___ Data for this task ___

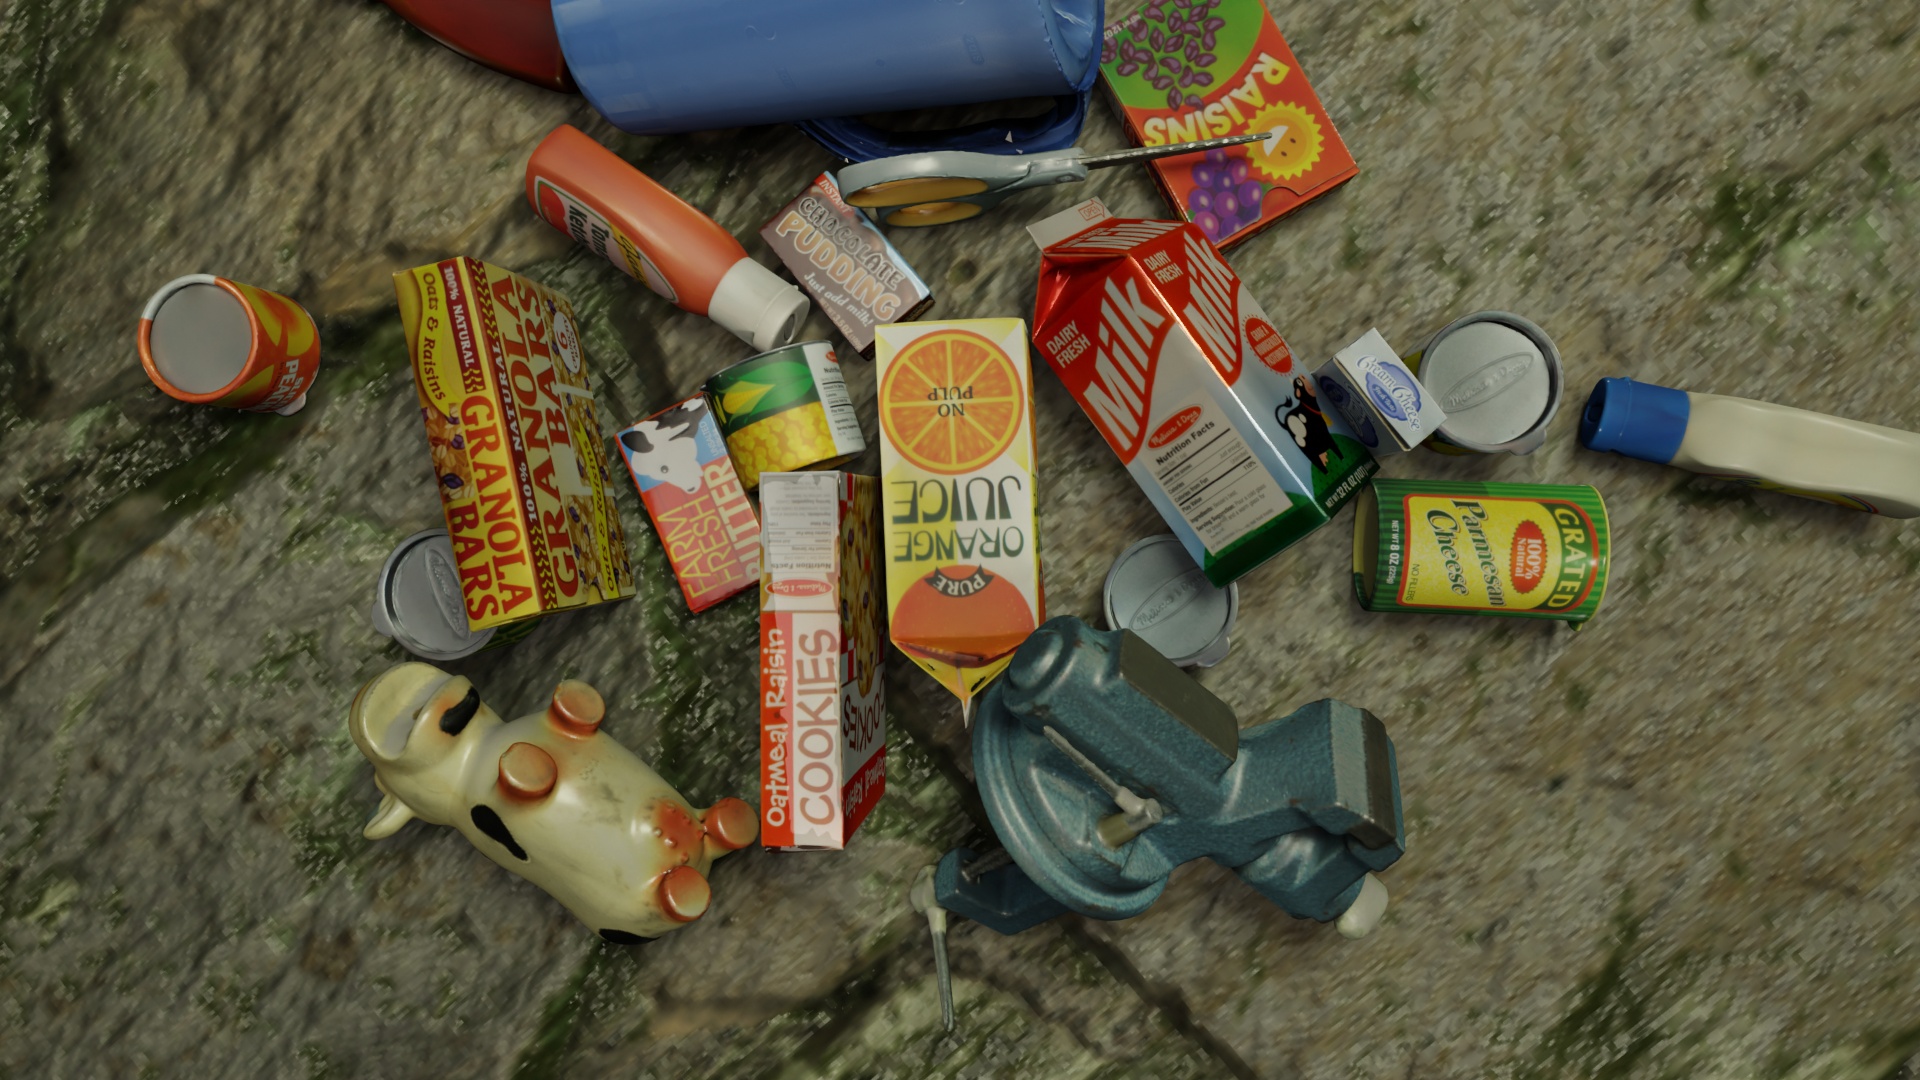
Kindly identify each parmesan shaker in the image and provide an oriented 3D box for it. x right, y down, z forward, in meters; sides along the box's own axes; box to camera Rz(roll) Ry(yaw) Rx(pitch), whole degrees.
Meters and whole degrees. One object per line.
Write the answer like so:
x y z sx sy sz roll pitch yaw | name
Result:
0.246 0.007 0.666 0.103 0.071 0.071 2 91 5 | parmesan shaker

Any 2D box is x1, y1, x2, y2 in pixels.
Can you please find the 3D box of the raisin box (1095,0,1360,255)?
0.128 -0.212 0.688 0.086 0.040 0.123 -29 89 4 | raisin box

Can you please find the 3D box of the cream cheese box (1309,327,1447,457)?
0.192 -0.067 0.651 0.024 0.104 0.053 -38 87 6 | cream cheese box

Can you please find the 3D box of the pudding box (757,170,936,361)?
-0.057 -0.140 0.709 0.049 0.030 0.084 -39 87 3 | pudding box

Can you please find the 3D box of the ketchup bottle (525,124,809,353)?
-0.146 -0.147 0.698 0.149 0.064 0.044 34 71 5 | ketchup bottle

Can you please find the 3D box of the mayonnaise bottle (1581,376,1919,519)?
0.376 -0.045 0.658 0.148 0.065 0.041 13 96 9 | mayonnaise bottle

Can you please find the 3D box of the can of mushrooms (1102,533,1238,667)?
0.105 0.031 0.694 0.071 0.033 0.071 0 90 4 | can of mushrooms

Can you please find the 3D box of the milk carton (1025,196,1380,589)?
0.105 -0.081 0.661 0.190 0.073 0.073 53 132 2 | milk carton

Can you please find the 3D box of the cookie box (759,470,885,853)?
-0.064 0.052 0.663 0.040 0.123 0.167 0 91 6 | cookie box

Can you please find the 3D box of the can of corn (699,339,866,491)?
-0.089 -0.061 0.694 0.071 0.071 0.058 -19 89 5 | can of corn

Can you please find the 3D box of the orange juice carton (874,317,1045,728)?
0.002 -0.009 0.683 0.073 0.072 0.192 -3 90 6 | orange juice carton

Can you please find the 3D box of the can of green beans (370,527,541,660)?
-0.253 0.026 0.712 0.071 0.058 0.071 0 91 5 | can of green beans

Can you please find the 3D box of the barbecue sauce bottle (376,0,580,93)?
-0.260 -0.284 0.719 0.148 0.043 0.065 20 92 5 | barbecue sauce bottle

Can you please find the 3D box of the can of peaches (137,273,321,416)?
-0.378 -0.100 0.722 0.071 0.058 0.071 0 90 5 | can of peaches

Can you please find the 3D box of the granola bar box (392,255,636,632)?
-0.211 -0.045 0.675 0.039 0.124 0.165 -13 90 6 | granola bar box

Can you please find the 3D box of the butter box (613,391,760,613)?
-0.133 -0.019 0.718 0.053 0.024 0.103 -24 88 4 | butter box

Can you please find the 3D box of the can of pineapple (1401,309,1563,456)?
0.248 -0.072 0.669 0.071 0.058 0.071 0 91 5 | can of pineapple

___
___ Data for this task ___

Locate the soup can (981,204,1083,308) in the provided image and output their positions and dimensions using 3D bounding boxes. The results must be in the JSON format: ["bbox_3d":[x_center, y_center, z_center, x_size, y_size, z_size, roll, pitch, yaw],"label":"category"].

___

_Work order_
Wherever the word "degrees" appears in the listing, copy the line that holds it.

_Expected output_
Kindly identify each parmesan shaker in the image and provide an oriented 3D box for it. x right, y down, z forward, in meters; sides along the box's own axes; box to camera Rz(roll) Ry(yaw) Rx(pitch), whole degrees.
Meters and whole degrees. One object per line.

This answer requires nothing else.